Ein wesentliches Detail ist, was John trägt: eine Jeansjacke; genau genommen das im Jahr 1962 auf den Markt gebrachte Levi’s Trucker Jacket mit Brust-, aber keinen Seitentaschen und konisch zulaufenden gelben Nähten. Dabei ist es nicht nur das Kleidungsstück, in dem sich die Unangepasstheit der Figur manifestiert, sondern auch die Art, wie es getragen wird: Mit den aufgeknöpften Ärmelenden und dem verloren abstehenden Kragen signalisiert John auf aggressive Weise Gleichgültigkeit.

Signal der Unangepasstheit: Die Levis Trucker Jeansjacke von Judd Nelson (r.) in "Breakfast Club"
Signal der Unangepasstheit: Die Levi's Trucker Jeansjacke in "Breakfast Club" Universal)

Als „The Breakfast Club“ in die Kinos kam, besaß die Jeansjacke bereits eine lange, mit Bedeutung aufgeladene Tradition. Erfunden wurde sie wohl vor 140 Jahren von dem deutschen Auswanderer Levi Strauss in den USA – als Ergänzung zu der bereits einige Jahre zuvor gemeinsam mit dem Schneider Jacob W. Davis patentierten Jeanshose. Der Ursprung des belastbaren, diagonal gerippten und meist blau gefärbten Bauwollstoffs Denim lässt sich bis ins französische Nîmes und ins italienische Genua zurückverfolgen. Doch erst in den USA bekamen die Hosen und Jacken durch die mit Nieten verstärkten Nähte ihr charakteristisches Aussehen.

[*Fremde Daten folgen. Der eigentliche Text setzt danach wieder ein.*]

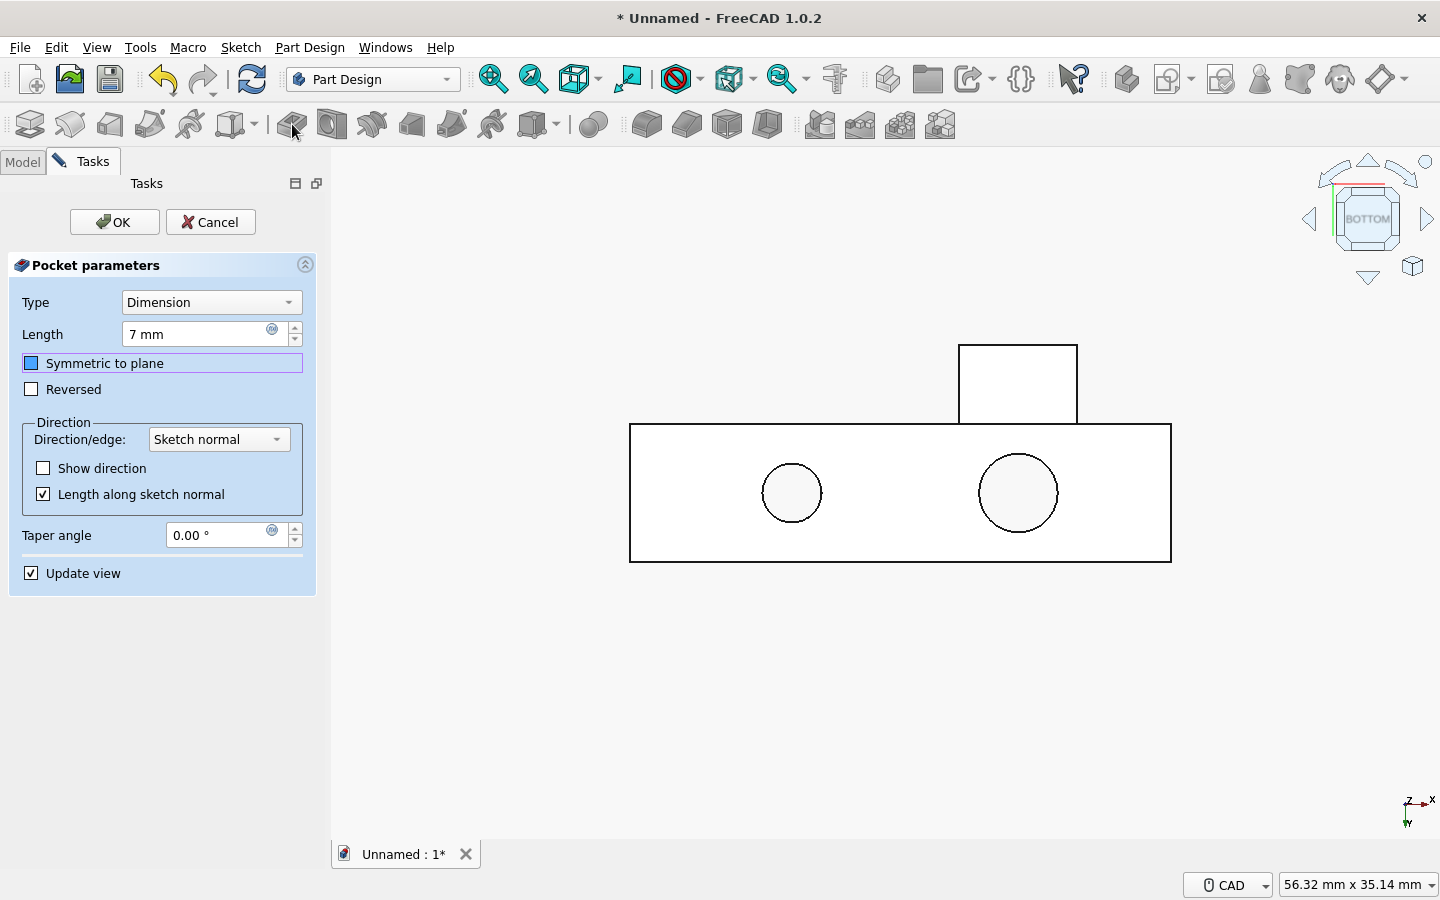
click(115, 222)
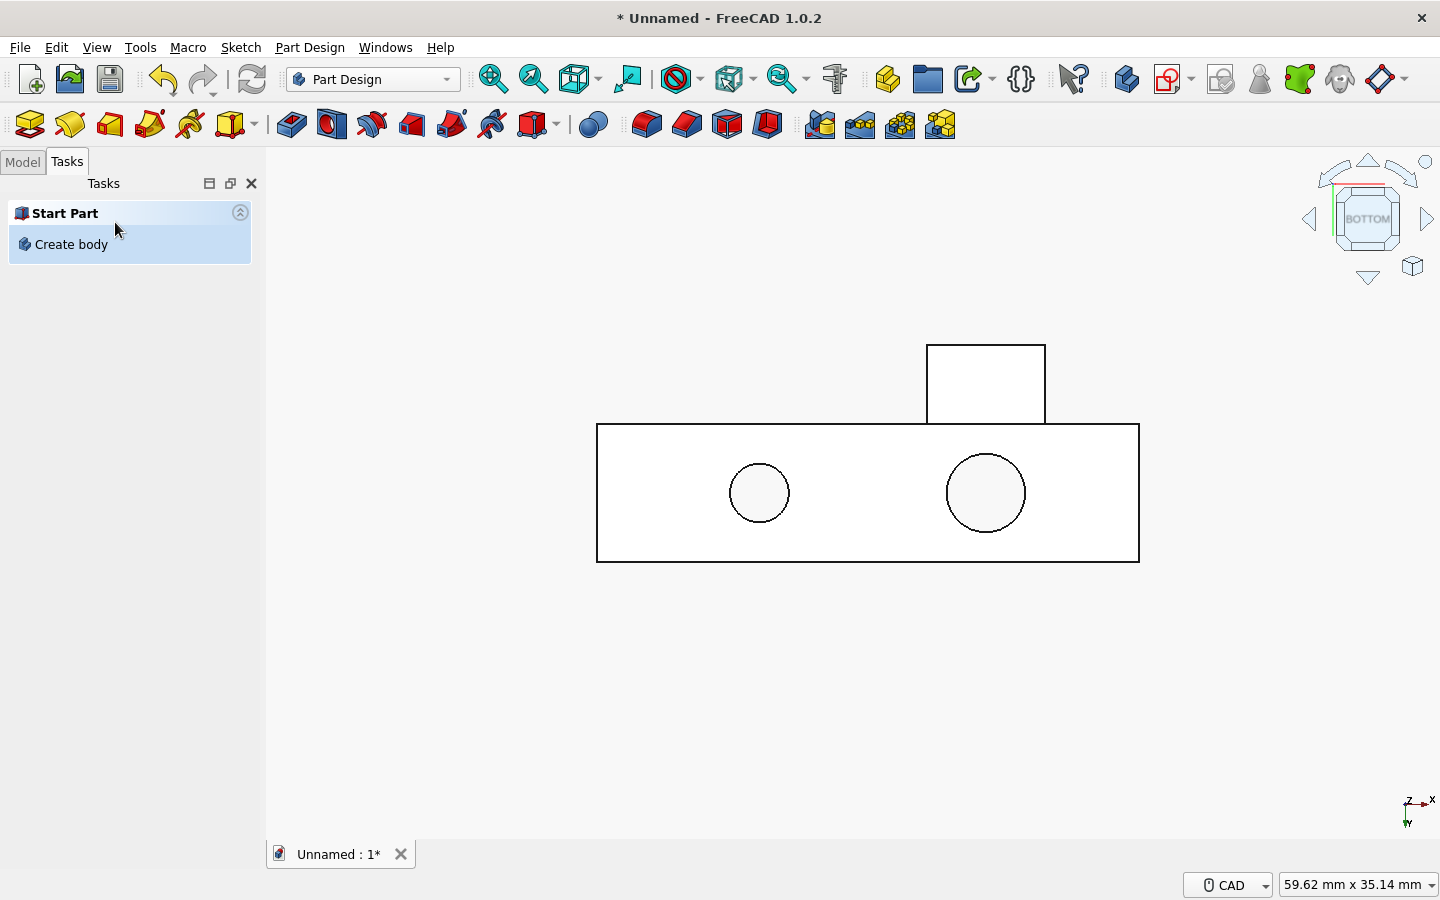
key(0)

Von der Arbeitskleidung zur Ikone der Popkultur

Wie viele Klassiker der Freizeitmode war auch die Jeansjacke ursprünglich als Arbeitskleidung gedacht. Entworfen wurde sie für Goldgräber und diente später Berg- und Schienenarbeitern sowie natürlich den Cowboys. Eine zentrale Stellung in der Popkultur nahm sie dagegen erst ab Mitte des 20. Jahrhunderts ein. Wie leicht man mit einem solchen Outfit anecken konnte, musste der nicht besonders rebellische Sänger Bing Crosby im Jahr 1951 erfahren. Als er nach einem Jagdausflug mit voller Jeansmontur in einem kanadischen Hotel einchecken wollten, verwehrte man ihm aufgrund seines unschicklichen Äußeren ein Zimmer. Als Marketinggag entwarf Levi’s daraufhin ein Denim-Sakko für den Star. Noch heute bezeichnet man die Kombination aus Jeansjacke und -hose deshalb als Canadian Tuxedo.

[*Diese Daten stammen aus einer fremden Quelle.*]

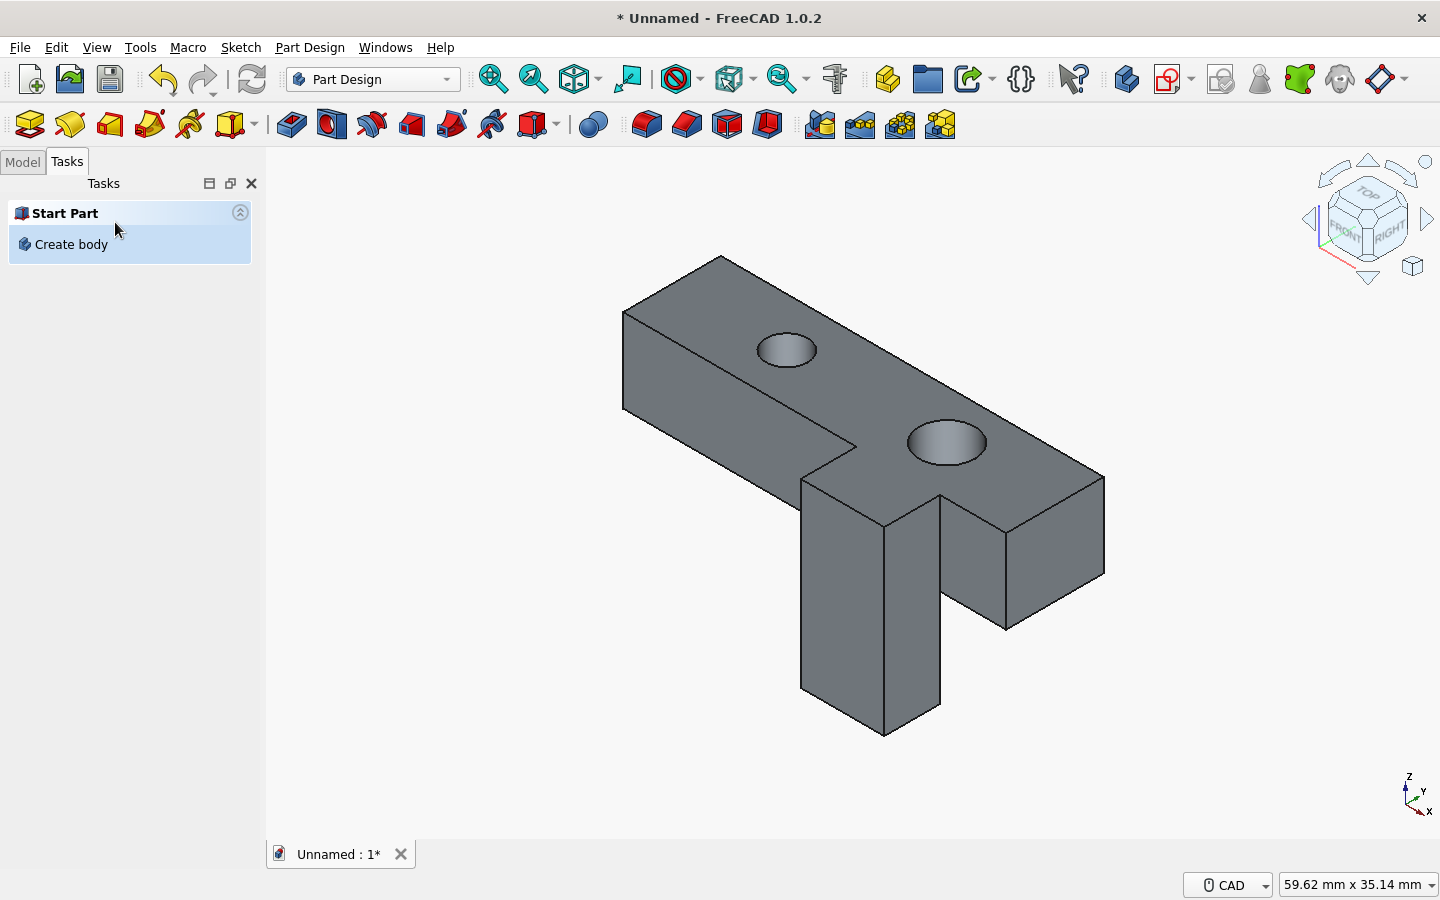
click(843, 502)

Im selben Jahr wie dieser Vorfall filmte Hans Namuth den Künstler Jackson Pollock bei der Entstehung eines seiner abstrakten, mit Farbtropfspuren übersäten Gemälde. Die Jeansjacke, die der Künstler am Anfang des Films trägt, dient dabei nicht nur als Arbeitskleidung, sondern verkörpert die Wildheit eines Einzelgängers, der abseits der Mehrheitsgesellschaft lebt.

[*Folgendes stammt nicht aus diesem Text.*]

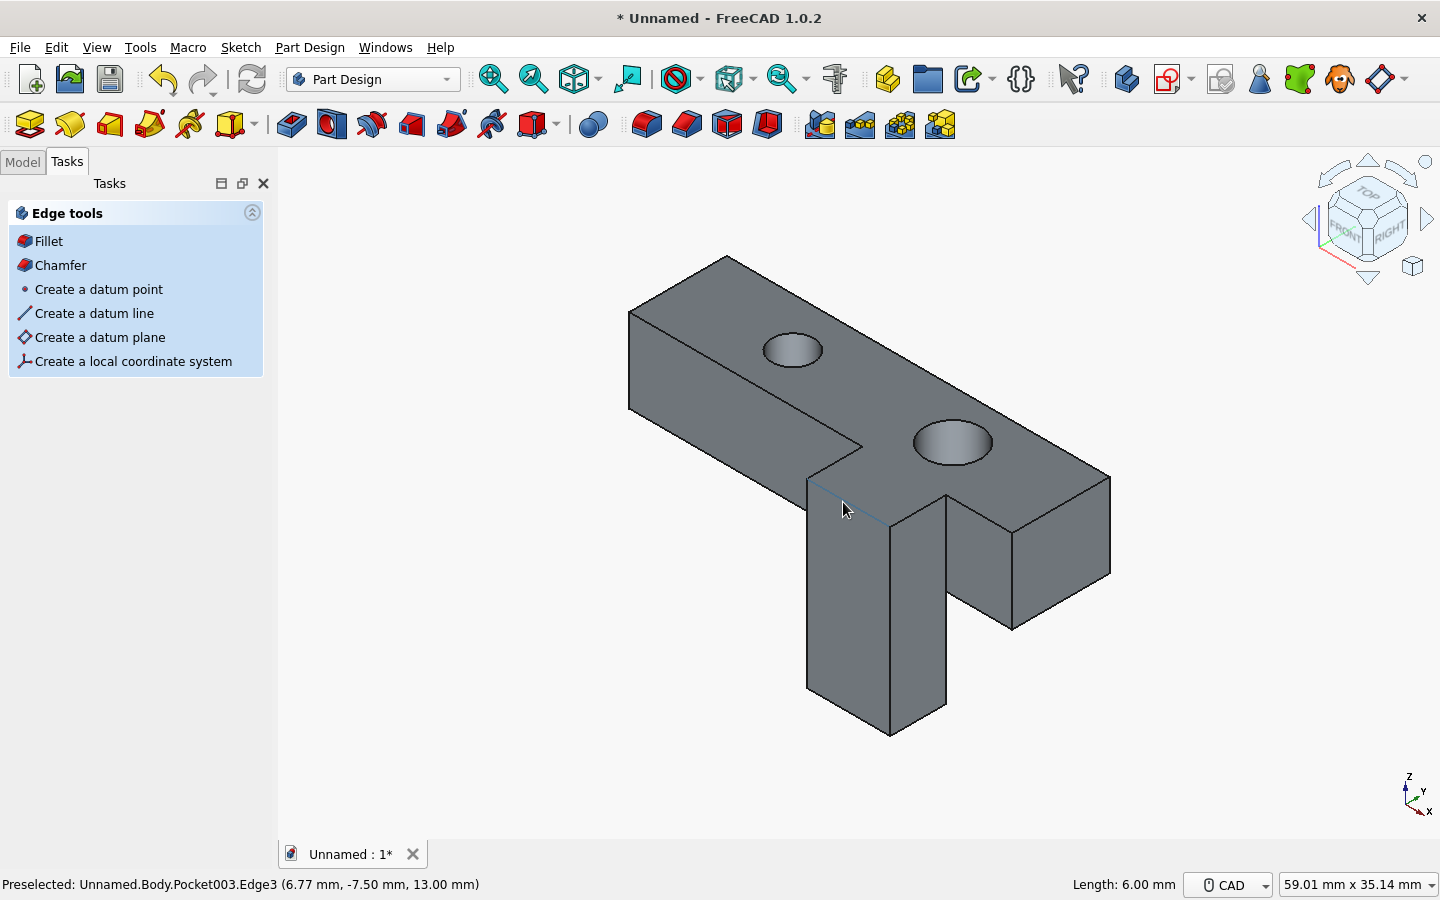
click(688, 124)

Diesen Outsider-Look greift auch Martin Ritts Western Der Wildeste unterTausend (1963) auf. Paul Newman spielt darin den zynisch versoffenen Cowboy Hud, der nicht sonderlich sympathisch ist, aber eine ungemeine Faszination auf seinen Neffen und die Frauen im Dorf ausübt. Das Storm Rider Jacket der Marke Lee mit seinem hellen Cordkragen verleiht ihm raue Eleganz und eine individuelle Note. Im Gegensatz zum festen Sitz an der Taille ist dieses Modell an den Oberarmen und Schultern weiter geschnitten.

Betont die maskuline Shilouette von Paul Newman (.): eine der Marke Lee
Betont die maskuline Silhouette von Paul Newman (l.): ein Storm Rider Jakcket der Marke Lee (© Paramount)

Die an ein umgedrehtes Dreieck erinnernde, betont maskuline Silhouette hebt Newman noch zusätzlich hervor, indem er die unteren beiden Knöpfe geschlossen lässt. Wichtig ist jedoch auch das Bewusstsein, mit dem die Jacke getragen wird. Newman posiert immer ein wenig, tut es aber lässig genug, um es natürlich erscheinen zu lassen.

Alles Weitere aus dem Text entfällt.